Matson, who lives in Olympia, helped him get the tiny Centralia apartment. He wanted his 43-year-old niece to take charge of his money, she said.

“He was all there, but like if you gave him $500, he’d spend it in an hour, Matson said.

She said she visited him the Friday before he died and he had another one of his wild ideas, she said. He thought he would sublet out the apartment and take the money to Los Vegas to have some fun, she said.

“I told him, you can’t do that,” Matson said. “And he’s like, ‘darling, it’ll work out’.”

One of his neighbors at the small single-story complex of concrete block apartments described Meeks as a “good guy” and Christian, but with a habit of bringing home things that didn’t belong to him.

Centralia police had a least three contacts with Meeks in the two weeks before he died. He was arrested for stealing a planter, for shoplifting and then for an outstanding warrant.

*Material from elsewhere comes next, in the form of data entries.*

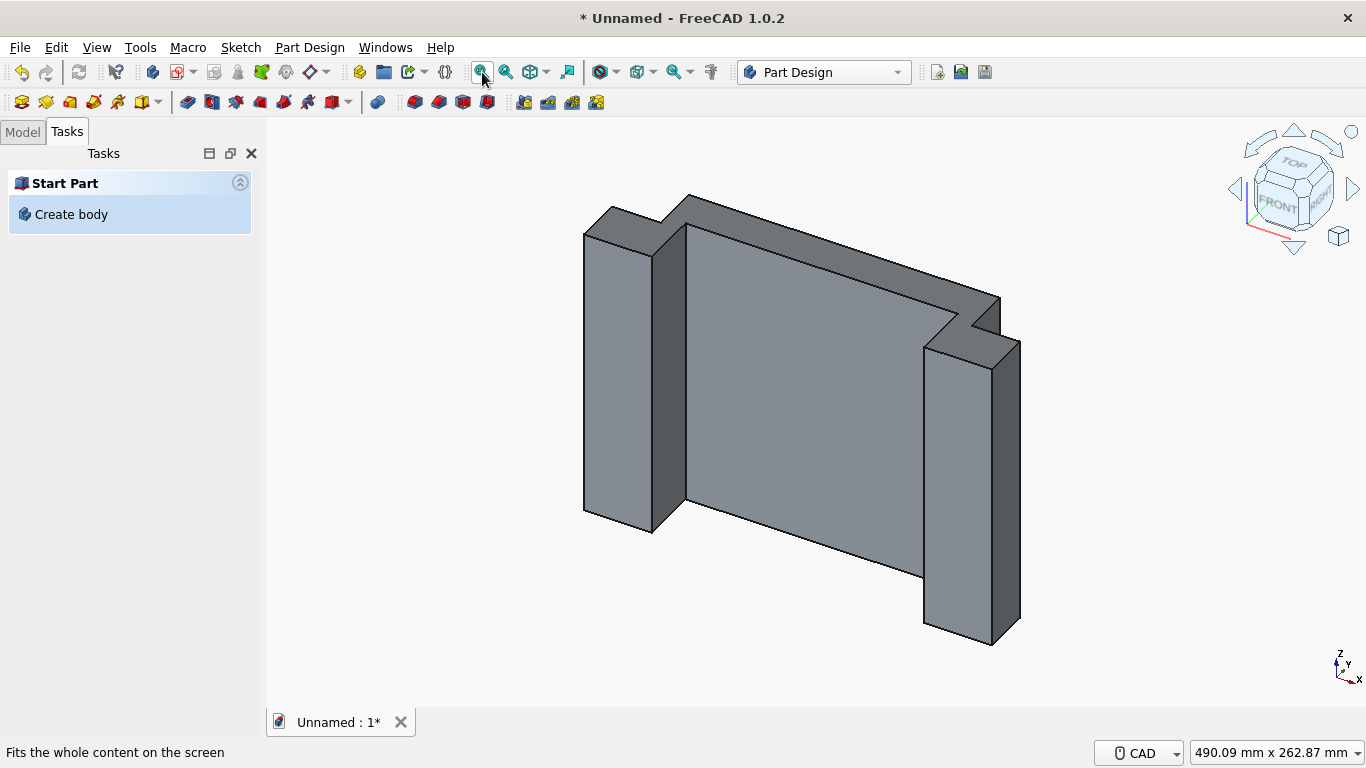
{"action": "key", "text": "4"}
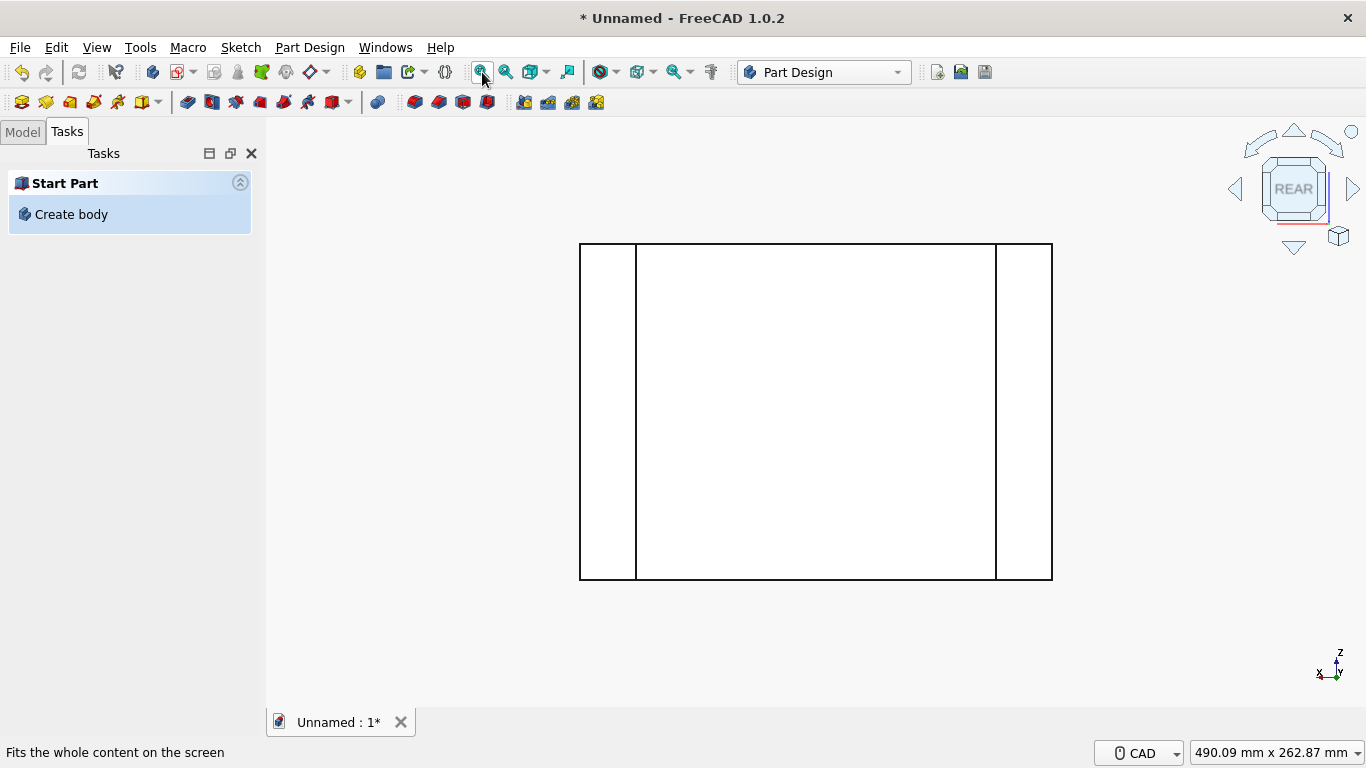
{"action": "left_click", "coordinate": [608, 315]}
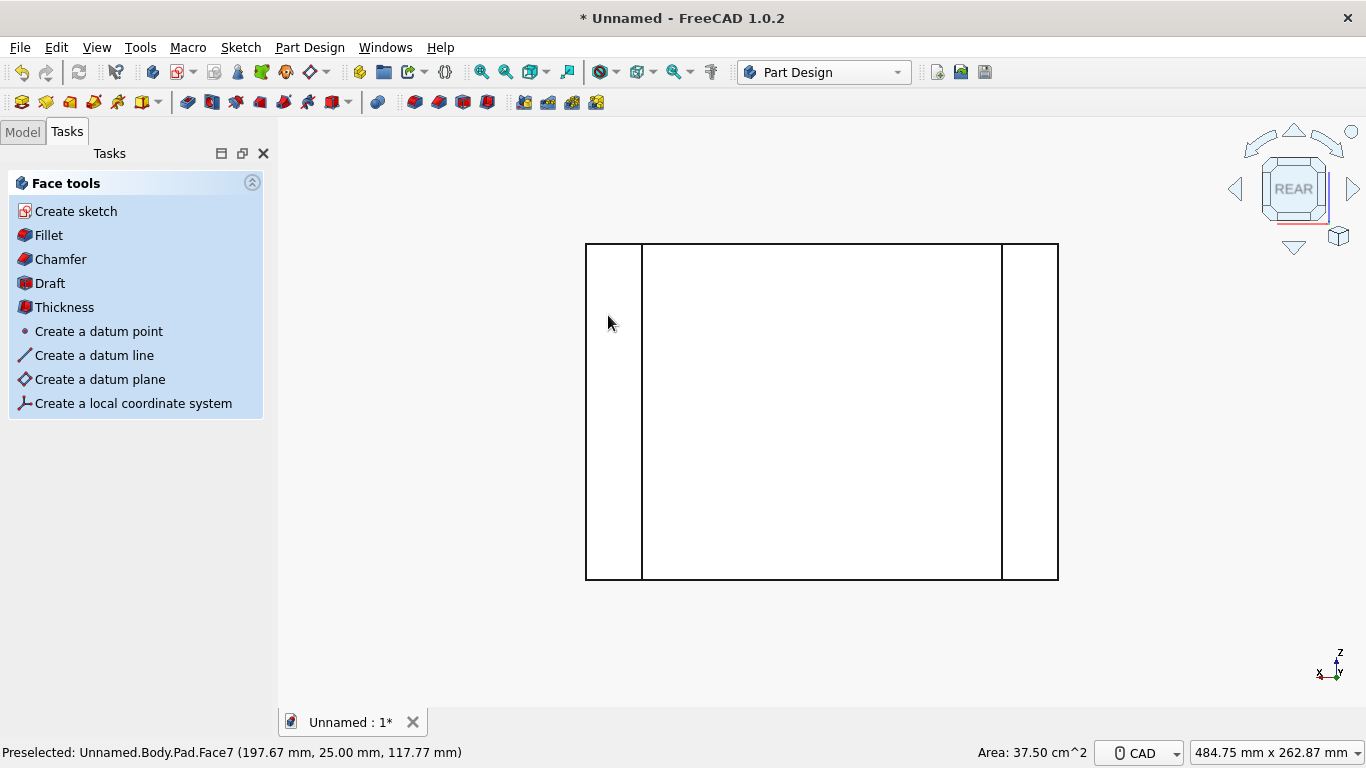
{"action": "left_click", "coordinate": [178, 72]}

He always said he was a miracle because he survived so many potentially deadly accidents, Matson said.

When he was a teenager, he was in a vehicle that was hit by a train and about two years ago, he was walking in Lacey when he was hit by a car, according to his sister.

“He had a rough go of it, but he was a sweetheart,” Ames said.

Meeks had recently reconnected with a daughter. His parents are deceased and he had four siblings, but Ames is the only one still living.